In May 2025, after Darlington nurse Karen Danson publicly described how being required to share changing facilities with a man had triggered flashbacks to childhood abuse, Mr Streeting instructed NHS England to intervene “urgently” due to the high‑profile nature of the case. A senior NHS England official visited the hospital unannounced, described the female changing room provision as “inadequate”, apologised directly to one of the nurses, and promised swift action.
Following their Tribunal victory in January 2026, the nurses again wrote to Mr Streeting urging him to take action.
However, it appears that only after Reform MP Suella Braverman wrote to him following a meeting with the nurses that he responded, agreeing to meet them.
In his response, Mr Streeting said the Government is now awaiting the publication and parliamentary scrutiny of the revised EHRC guidance in order to avoid issuing NHS advice that could later be contradicted or withdrawn.
He described it as “incredibly disappointing” to read the full details of how the Trust failed the nurses and acknowledged the seriousness of the Tribunal’s findings.
The Government intends to lay the EHRC Code of Practice before Parliament in May, after which it will be subject to a 40‑day scrutiny period.
Bethany Hutchison, President of the Darlington Nursing Union, welcomed the response but said accountability must now be matched by action. She said:
“We are pleased that the Secretary of State has committed to meeting us again, but it should never have taken years of legal action, national media exposure and a tribunal victory for our dignity at work to be recognised.
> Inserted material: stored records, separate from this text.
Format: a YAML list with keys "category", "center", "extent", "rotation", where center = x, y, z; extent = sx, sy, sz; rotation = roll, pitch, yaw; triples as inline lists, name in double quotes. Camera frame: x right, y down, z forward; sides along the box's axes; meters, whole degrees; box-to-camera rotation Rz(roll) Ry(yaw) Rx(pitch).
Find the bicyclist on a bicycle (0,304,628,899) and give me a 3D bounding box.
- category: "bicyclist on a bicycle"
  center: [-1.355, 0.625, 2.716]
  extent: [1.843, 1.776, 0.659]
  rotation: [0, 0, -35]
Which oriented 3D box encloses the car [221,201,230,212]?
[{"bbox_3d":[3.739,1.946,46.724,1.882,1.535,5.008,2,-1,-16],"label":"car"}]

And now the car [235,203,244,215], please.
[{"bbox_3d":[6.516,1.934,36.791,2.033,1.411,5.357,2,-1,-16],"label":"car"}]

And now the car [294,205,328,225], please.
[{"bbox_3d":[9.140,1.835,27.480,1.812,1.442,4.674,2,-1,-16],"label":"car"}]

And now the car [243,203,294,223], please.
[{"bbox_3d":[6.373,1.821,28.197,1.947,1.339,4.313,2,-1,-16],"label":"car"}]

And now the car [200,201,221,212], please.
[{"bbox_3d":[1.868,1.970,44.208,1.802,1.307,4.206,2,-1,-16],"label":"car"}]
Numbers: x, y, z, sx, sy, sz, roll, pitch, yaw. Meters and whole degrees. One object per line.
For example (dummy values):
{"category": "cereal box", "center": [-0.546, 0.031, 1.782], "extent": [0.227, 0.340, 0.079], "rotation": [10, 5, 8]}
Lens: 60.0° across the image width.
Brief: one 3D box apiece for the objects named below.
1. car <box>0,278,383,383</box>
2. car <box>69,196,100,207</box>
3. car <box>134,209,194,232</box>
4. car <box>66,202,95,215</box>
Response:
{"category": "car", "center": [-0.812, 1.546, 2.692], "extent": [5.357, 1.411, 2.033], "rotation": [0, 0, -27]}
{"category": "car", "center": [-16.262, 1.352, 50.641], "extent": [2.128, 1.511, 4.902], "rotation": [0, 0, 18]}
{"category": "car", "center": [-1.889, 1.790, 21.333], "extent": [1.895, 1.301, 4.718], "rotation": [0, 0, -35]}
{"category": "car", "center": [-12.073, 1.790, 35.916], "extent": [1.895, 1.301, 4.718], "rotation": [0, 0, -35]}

Wes Streeting has repeatedly said he supports us and believes in single‑sex spaces based on biological sex. We now expect that support to be reflected in clear, enforceable guidance across the NHS.”
Andrea Williams, Chief Executive of the Christian Legal Centre, said:
“The Tribunal in the Darlington case confirmed what should have been obvious all along: women should not be forced to undress in front of men. By ruling that the policy that allowed men into the women’s changing room was wrong, it has also exposed every NHS Trust across the country to legal challenge, as similar policies are believed to be in place nationally.
“The Health Secretary’s acknowledgement of their treatment is important, but women working across the NHS need certainty, not delay. The law is clear, and guidance must now reflect that reality, so this injustice is never repeated.”